--- INFORMATION ---
=== Begin Enclosure ===

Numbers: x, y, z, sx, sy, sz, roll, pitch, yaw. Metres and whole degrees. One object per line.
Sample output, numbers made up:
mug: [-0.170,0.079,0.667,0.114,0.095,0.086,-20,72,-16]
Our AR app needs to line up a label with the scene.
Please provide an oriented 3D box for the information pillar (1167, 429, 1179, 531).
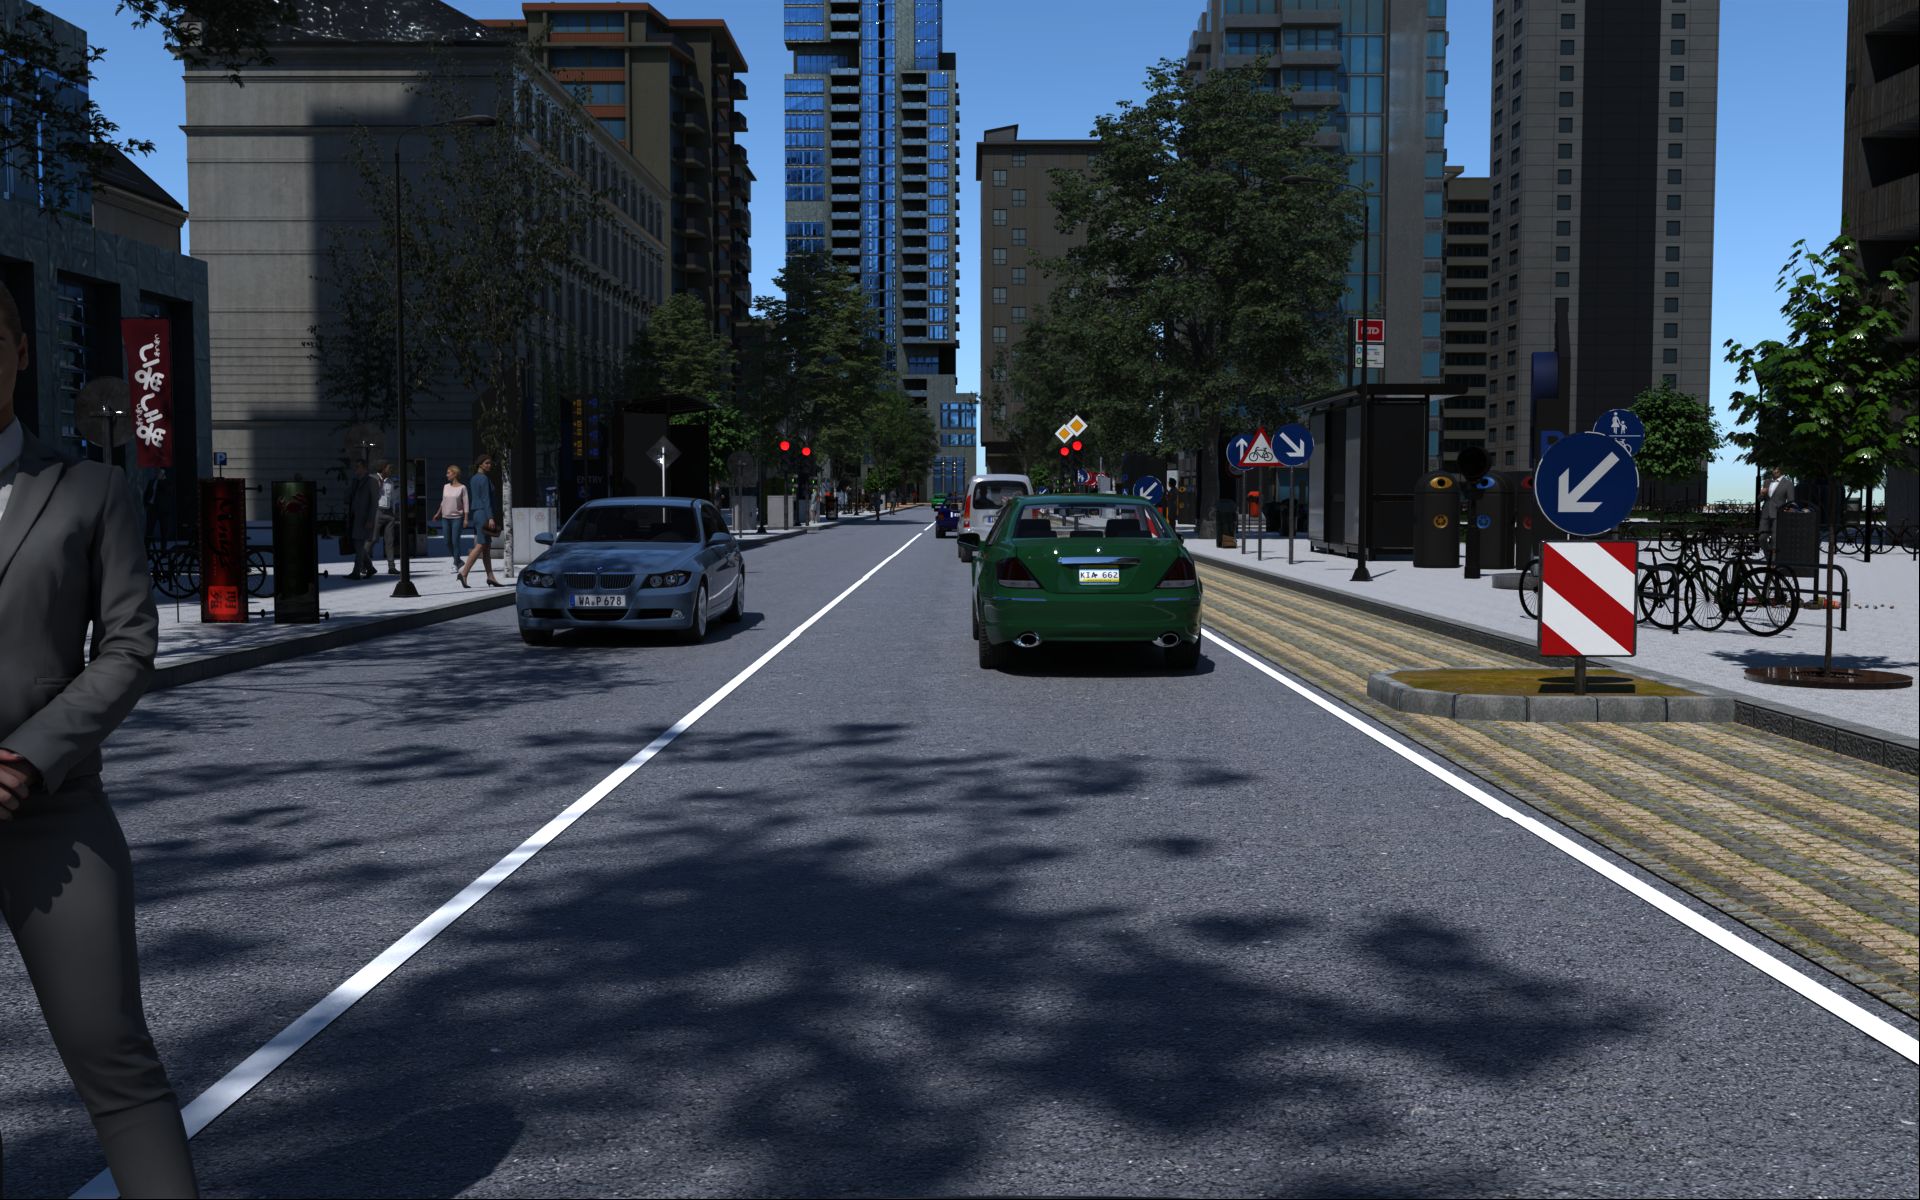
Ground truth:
information pillar: [7.440,-4.241,60.689,0.183,3.616,0.504,-3,5,-40]

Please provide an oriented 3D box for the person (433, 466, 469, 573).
person: [-8.247,-1.313,28.180,0.731,1.740,0.598,1,4,11]

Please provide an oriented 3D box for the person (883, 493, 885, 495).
person: [-9.615,-12.702,215.196,0.415,1.643,0.593,3,5,42]

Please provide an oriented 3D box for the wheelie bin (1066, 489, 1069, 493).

=== End Enclosure ===

--- GOAL OF THE EXERCISE ---
The expected output is each record, copied exactly, and nothing in place of the pictures.

--- EXERCISE ANSWER ---
Numbers: x, y, z, sx, sy, sz, roll, pitch, yaw. Metres and whole degrees. One object per line.
Sample output, numbers made up:
mug: [-0.170,0.079,0.667,0.114,0.095,0.086,-20,72,-16]
Our AR app needs to line up a label with the scene.
Please provide an oriented 3D box for the information pillar (1167, 429, 1179, 531).
Ground truth:
information pillar: [7.440,-4.241,60.689,0.183,3.616,0.504,-3,5,-40]

Please provide an oriented 3D box for the person (433, 466, 469, 573).
person: [-8.247,-1.313,28.180,0.731,1.740,0.598,1,4,11]

Please provide an oriented 3D box for the person (883, 493, 885, 495).
person: [-9.615,-12.702,215.196,0.415,1.643,0.593,3,5,42]

Please provide an oriented 3D box for the wheelie bin (1066, 489, 1069, 493).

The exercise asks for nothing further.